Fort Lauderdale—An analysis of a claims database found that 61% of patients with diabetic peripheral neuropathy (DPN) had not received treatment for the disease, although if patients took medications, they typically used opioids to manage the DPN. The authors also mentioned that nearly half of patients had a pain co-diagnosis.
Results were presented during a poster session at the AAPM meeting. The poster was titled Opioid Usage Among Patients with Diabetic Peripheral Neuropathy (DPN)—US Claims Database Analysis.
The authors noted that the International Association for the Study of Pain defines peripheral neuropathic pain in patients with diabetes as “pain arising as a direct consequence of abnormalities in the peripheral somatosensory system in people with diabetes.”
There are several first-line therapies available for these patients, including tricyclic antidepressants, serotonin-norepinephrine reuptake inhibitors, and anticonvulsants such as pregabalin and gabapentin. The authors said that most patients taking those drugs have side effects such as dizziness, somnolence, nausea, headache, blurred vision, and dry mouth.
In this analysis, the authors used the PharMetrics® Integrated Database to identify patients who were at least 18 years of age and had a diagnosis of DPN between January 1, 2009, and December 31, 2009. They included patients who had at least 12 months of continuous enrollment before and after the baseline date, which was defined as the date of the first DPN diagnosis.

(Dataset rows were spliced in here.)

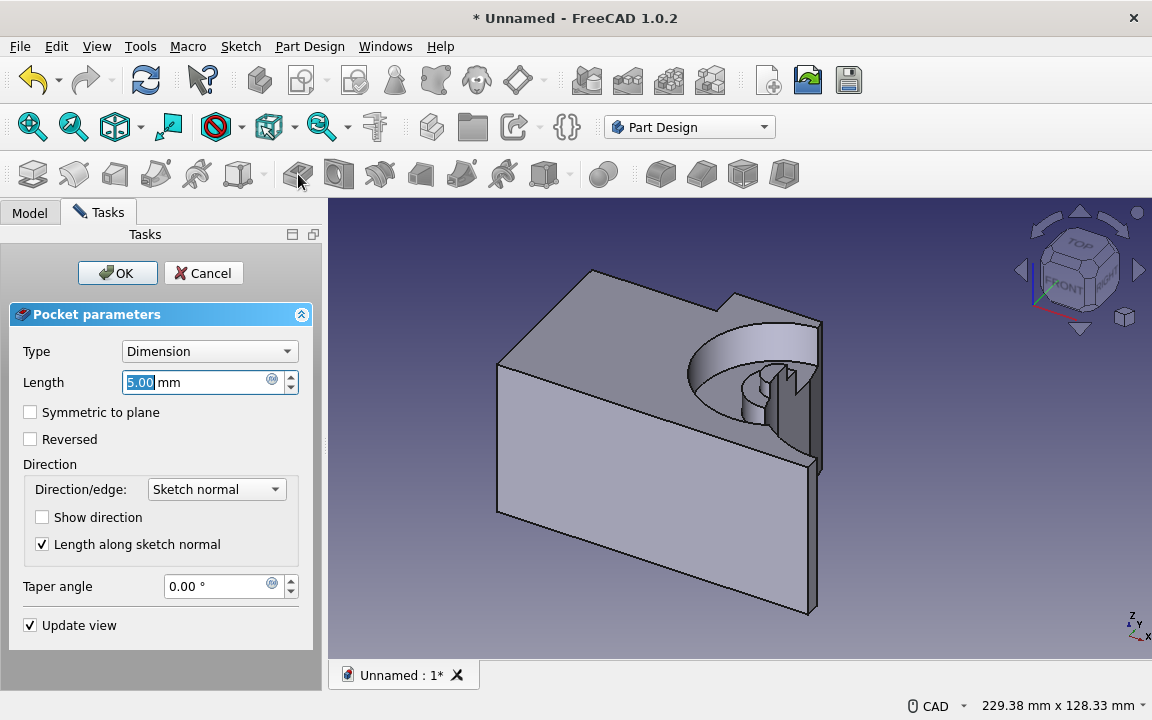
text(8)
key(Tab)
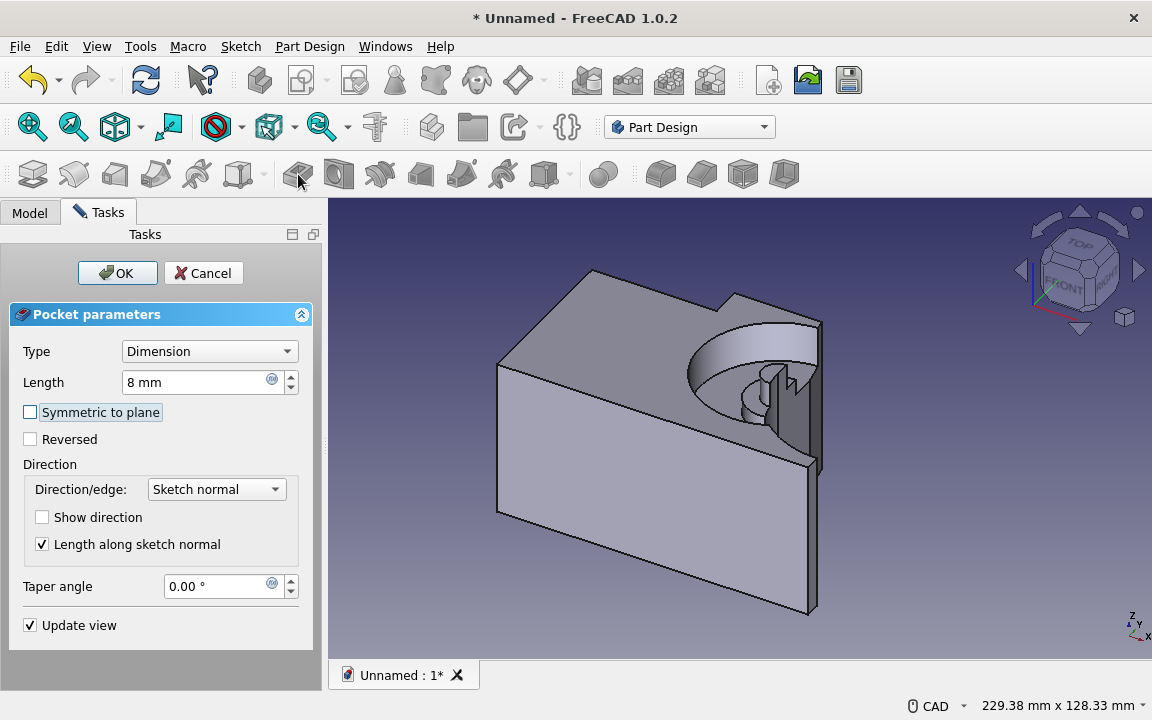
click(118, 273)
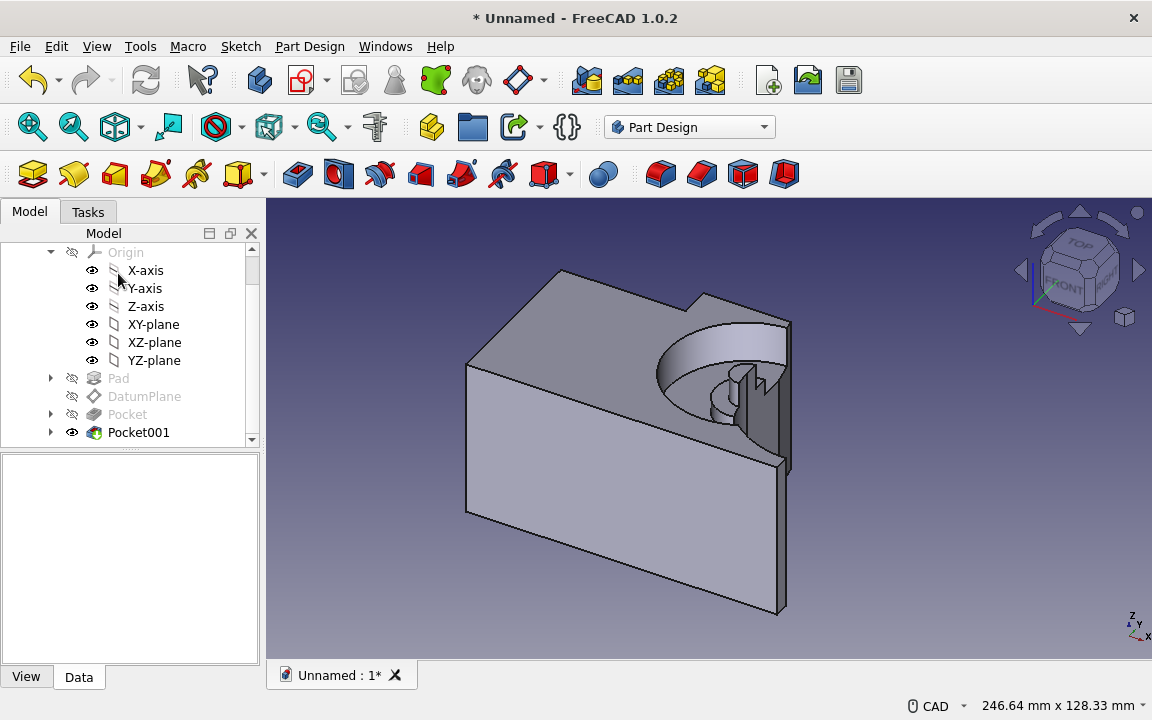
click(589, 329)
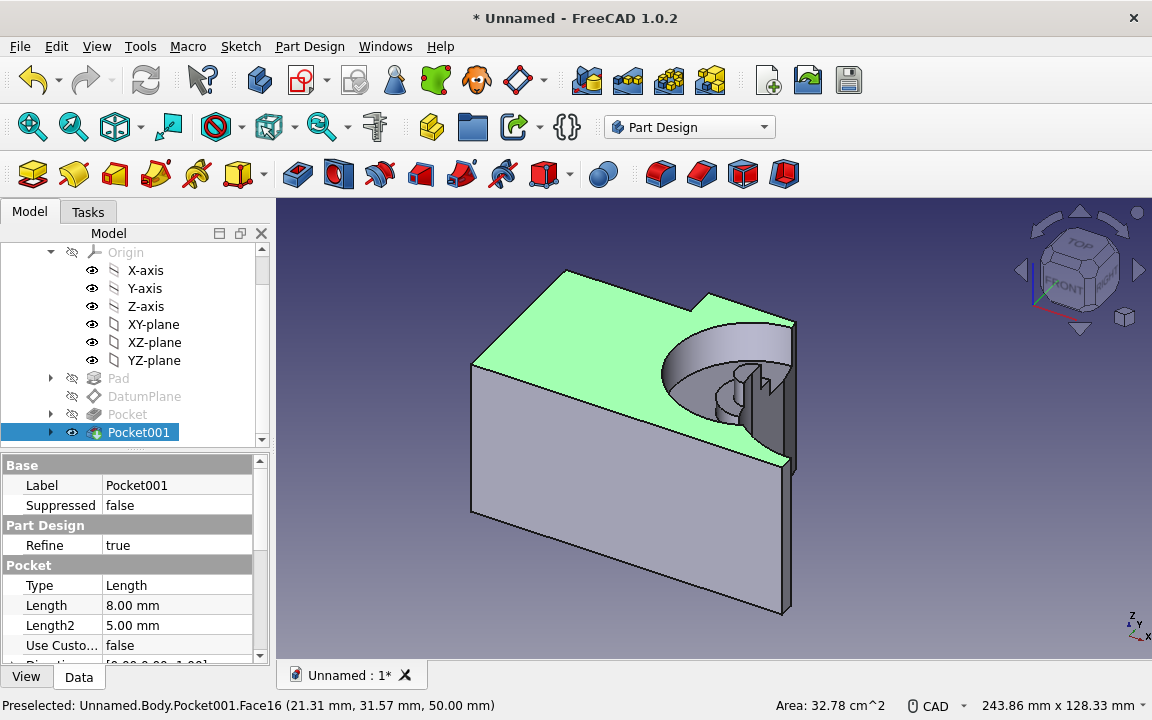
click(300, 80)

If patients filled an opioid prescription in the 6 months before their baseline date, they were considered opioid experienced. If not, they were classified as opioid naïve. The authors further classified the opioid-experienced group based on the schedule of the drug (Schedule II and III/IV) as well as whether they were taking long-acting or short-acting opioids.
Of the 56,244 patients with DPN, mean age was 64 years and 51.8% were male. Approximately half were between 45 and 64 years of age. In addition, 27% of the patients were identified as opioid experienced.
The authors found that 49.6% of patients had at least 1 codiagnosis of pain, and opioid-experienced patients were more likely to have a pain-related codiagnosis. Of the total cohort, 36.5% had lower back pain (50.2% of opioid experienced and 31.3% of opioid naïve), 16.9% had back and neck pain (26.0% of opioid experienced and 13.5% of opioid naïve), 1.2% had post-herpetic neuralgia (1.3% of opioid experienced and 1.1% of opioid naïve), and 10.0% had cancer (10.5% of opioid experienced and 9.8% of opioid naïve). Other comorbidities were found in 16.8% of patients, including 22.7% of opioid-experienced patients and 14.6% of opioid-naïve patients.
At baseline, 61% of patients did not receive treatment for pain, including 50% of opioid-experienced patients and 70% of opioid-naïve patients. During the 12-month follow-up period, 59% of the patients had DPN-related treatment, including 91% of opioid-experienced patients and 47% of opioid-naïve patients.
Of the patients who received DPN-related treatment for their pain, 65% also took opioids, with most taking Schedule III/IV drugs. Further, 85% of opioid-experienced patients and 50% of opioid-naïve patients received opioids. For opioid-experienced patients, the most common drug class was antidepressants, while opioid-naïve patients were most likely to use Schedule III/IV opioids as monotherapy or in combination with other drugs.
For Schedule II short-acting opioids, the median time to discontinuation was 3 months in the opioid-experienced group and 2 months in the opioid-naïve group. Also, the median time to discontinuation was >12 months in the opioid-experienced group and 2 months in the opioid-naïve group for those taking Schedule II long-acting opioids. Finally, for Schedule III/IV opioids, the median time to discontinuation was 4 months in the opioid-experienced group and 2 months in the opioid-naïve group.
This poster was supported by Janssen Research & Development, LLC.